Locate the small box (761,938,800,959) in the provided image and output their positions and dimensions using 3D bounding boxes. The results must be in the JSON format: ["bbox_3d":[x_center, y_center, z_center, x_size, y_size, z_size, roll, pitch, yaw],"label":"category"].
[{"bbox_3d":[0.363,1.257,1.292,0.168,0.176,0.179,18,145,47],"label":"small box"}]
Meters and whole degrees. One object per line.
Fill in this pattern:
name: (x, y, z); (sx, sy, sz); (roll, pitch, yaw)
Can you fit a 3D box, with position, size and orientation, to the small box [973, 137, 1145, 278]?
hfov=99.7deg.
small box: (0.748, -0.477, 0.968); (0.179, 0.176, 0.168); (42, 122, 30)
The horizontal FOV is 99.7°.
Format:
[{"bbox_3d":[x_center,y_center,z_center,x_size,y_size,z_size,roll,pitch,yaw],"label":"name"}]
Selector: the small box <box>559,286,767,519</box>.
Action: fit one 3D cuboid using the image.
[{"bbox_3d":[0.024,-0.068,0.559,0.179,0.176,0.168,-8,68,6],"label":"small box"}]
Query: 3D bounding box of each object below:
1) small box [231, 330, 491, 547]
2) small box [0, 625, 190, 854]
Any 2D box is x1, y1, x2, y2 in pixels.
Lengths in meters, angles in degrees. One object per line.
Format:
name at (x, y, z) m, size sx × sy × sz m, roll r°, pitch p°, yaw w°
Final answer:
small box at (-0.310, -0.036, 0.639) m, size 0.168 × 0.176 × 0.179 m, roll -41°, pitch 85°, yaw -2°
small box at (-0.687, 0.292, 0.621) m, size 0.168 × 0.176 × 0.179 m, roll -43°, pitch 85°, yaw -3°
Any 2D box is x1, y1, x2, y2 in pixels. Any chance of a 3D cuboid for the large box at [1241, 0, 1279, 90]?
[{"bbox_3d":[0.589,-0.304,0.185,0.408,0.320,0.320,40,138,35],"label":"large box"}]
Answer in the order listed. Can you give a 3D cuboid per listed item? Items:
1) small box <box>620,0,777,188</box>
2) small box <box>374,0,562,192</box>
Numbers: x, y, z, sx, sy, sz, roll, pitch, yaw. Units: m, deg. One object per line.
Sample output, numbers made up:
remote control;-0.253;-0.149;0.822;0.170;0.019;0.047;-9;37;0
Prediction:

########

* Exercise brief
If a line contains the word "degrees", it counts; please state how many such lines the records above have, and nothing more.

* Response to this task
2